Solve[nt]ing The Mystery: A Case of Methanol Poisoning

Toxicology cases can be some of the more challenging cases that present to the emergency department (ED). Often the patient is altered or there is minimal history available. Many cases involve the combination of more than one toxic ingestion or exposure which can lead to a complex clinical picture. The following case provides one such example where had the emergency department team not considered expanding their differential to include additional toxins, the patient may have had an adverse outcome.

case

An 82-year-old male with a past medical history including an abdominal aortic aneurysm, congestive heart failure, and coronary artery disease status post coronary artery bypass graft not on anticoagulation presents via EMS from home to the ED after he was found to be altered by family. 

The family went to routinely check on the patient at his apartment approximately five hours prior to arrival to the ED. At that time, he was noted to be “disoriented and restless”. The back door was unlocked and the front door cracked open which family noted was unusual. Emergency medical services (EMS) were called at that time, but upon arrival the patient apparently seemed much improved and was ”more coherent”. He was thought to be at his baseline and thus he was not transferred to the ED. Family then encouraged the patient to take a nap. 

When the patient woke up from his nap approximately an hour prior to arrival to ED, the patient’s mental status significantly worsened. The patient was uncharacteristically behaving aggressively toward family members and was drooling. Shortly after, he became lethargic. EMS was called yet again.

Upon EMS arrival to the scene the second time, the patient was speaking in full sentences but could not remember his family members' names. He appeared disheveled. Several pill bottles and an empty bottle of alcohol were scattered around the house. Per EMS, the patient’s initial blood pressure (BP) was 110/60 mmHg but dropped to 79/50 mmHg during transport. In the Trendelenburg position, his BP rose to 95/50 mmHg. Blood glucose was found to be mildly elevated. EMS reported he had left sided facial droop and right arm weakness. He had no known recent falls or trauma. The patient currently lived alone and was experiencing depression amidst a divorce with his wife. 

The patient was noted to have the following history:

Social Hx:

• Former tobacco smoker (cigarettes), 30 pack years (quit >30 yrs ago)

• Occasional/social alcohol use

• No other drug use known

• Recent divorce from wife 

Medications (found by EMS in wallet, consistent with pill bottles EMS found): 

• Amlodipine 5mg

• Aspirin 81mg

• Atorvastatin 40mg

• Cilostazol 50mg

• HCTZ 25mg

• Levocetirizine 5mg

• Lisinopril 20mg

• Loratadine 10mg

• Melatonin 3mg

• Metoprolol Succinate 25mg
  

On arrival to the emergency department, he was activated as a code stroke.

The patient’s family was promptly called for additional collateral. They relayed that the patient had been depressed lately in the setting of a recent divorce. He had been sleeping more than usual. Family was unable to reach the patient over the phone for several days prior to finding him altered that day.

On exam:

Vital signs: Blood pressure 120/65 mmHg, heart rate of 107 beats per minute, temperature 98.1 degrees Fahrenheit, respiratory rate 16 breaths per minute, oxygen saturation 100% on room air

Pertinent exam: He was sleepy, but awakened to voice.

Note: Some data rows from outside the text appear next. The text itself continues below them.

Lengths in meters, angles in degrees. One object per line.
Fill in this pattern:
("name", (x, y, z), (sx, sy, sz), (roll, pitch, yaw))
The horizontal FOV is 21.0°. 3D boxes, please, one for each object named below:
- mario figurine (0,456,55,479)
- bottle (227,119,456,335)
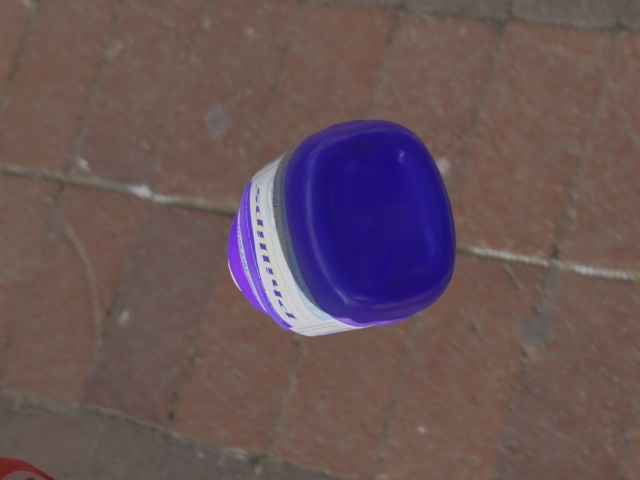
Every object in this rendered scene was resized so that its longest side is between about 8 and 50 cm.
("mario figurine", (-0.185, 0.208, 0.675), (0.170, 0.198, 0.320), (12, 46, 22))
("bottle", (0.000, 0.000, 1.083), (0.092, 0.283, 0.118), (-14, 89, -15))
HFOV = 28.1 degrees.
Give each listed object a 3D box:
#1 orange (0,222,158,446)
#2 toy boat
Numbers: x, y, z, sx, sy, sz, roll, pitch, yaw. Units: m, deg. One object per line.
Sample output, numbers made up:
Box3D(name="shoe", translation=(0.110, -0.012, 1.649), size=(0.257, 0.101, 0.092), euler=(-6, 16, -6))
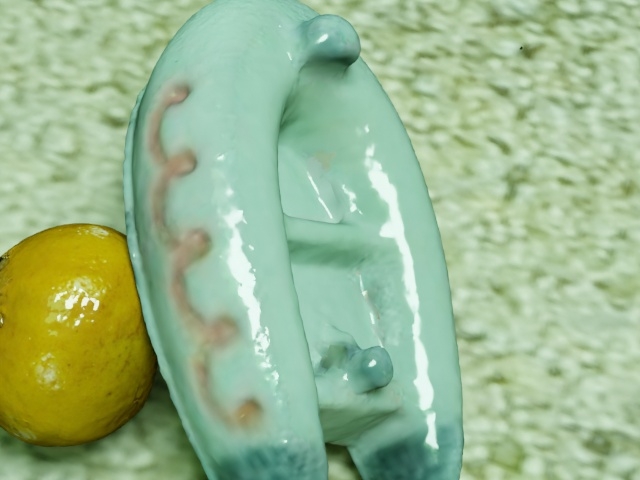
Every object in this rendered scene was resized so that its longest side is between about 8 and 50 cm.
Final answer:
Box3D(name="orange", translation=(-0.093, 0.034, 0.468), size=(0.070, 0.083, 0.083), euler=(14, 65, -16))
Box3D(name="toy boat", translation=(0.000, 0.000, 0.469), size=(0.134, 0.079, 0.208), euler=(7, 63, -45))
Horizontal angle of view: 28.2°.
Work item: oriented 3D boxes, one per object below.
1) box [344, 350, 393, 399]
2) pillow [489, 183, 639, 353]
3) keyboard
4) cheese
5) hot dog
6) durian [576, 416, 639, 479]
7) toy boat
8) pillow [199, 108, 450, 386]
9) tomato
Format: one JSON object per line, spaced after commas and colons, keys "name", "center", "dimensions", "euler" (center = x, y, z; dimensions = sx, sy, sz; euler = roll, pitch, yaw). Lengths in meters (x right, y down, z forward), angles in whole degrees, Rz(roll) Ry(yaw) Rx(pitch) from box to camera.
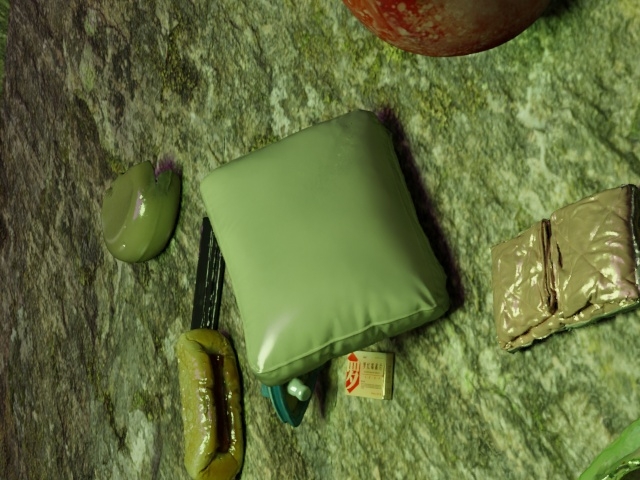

There was no diaphoresis. His head was atraumatic and his pupils and equal and reactive. Pulmonary effort was normal. There were normal breath sounds bilaterally. His abdomen was soft and contender. He had normal range of motion throughout his upper and lower extremities. On neurological exam, the patient demonstrated poor concentration. He followed basic but not complex commands. He was oriented to person, place, and year but not to president. He had left facial asymmetry with smiling. He has dysarthria and slurred speech. He had 5/5 strength in all extremities. He was unable to ambulate.

A brain computed tomography was completely normal. Neurology did not think it was a stroke after evaluation. His electrocardiogram and chest x-ray were unremarkable.

The initial labs began to result. He was found to have an elevated BUN, creatinine, potassium and anion gap. His bicarbonate was found to be low. He was found to be acidotic on venous blood gas. He had an elevated serum osmolality. His urine was found to have many red blood cells and hyaline casts. He was negative for alcohol and Tylenol with an elevated salicylate level.

The ED team identified that the patient had a high anion gap metabolic acidosis which they believed to be in the setting of salicylate toxicity. The patient was given sodium bicarbonate and then was started on a bicarbonate drip. The ED team consulted nephrology who agreed with the plan for emergent dialysis in the intensive care unit (ICU).

Two hours later while the patient was still boarding in the emergency department awaiting a bed in the ICU and continued on a bicarb drip, labs were re-checked. His salicylate level was downtrending. However, his pH continued to trend downwards and he remained solemn. The team decided to send

That additional test that was sent was a methanol level (as well as ethanol and isopropyl alcohol levels). 

discussion

This case has many critically important teaching points. Specifically, solving this case requires a good understanding of the differential diagnosis of high anion gap metabolic acidosis and  understanding the utility of a serum osmolality level in certain cases. Moreover, equally important is the lesson to keep an open mind and not to anchor on one particular diagnosis, even if it may be contributing, as there may be multiple factors contributing to the patient’s presentation. 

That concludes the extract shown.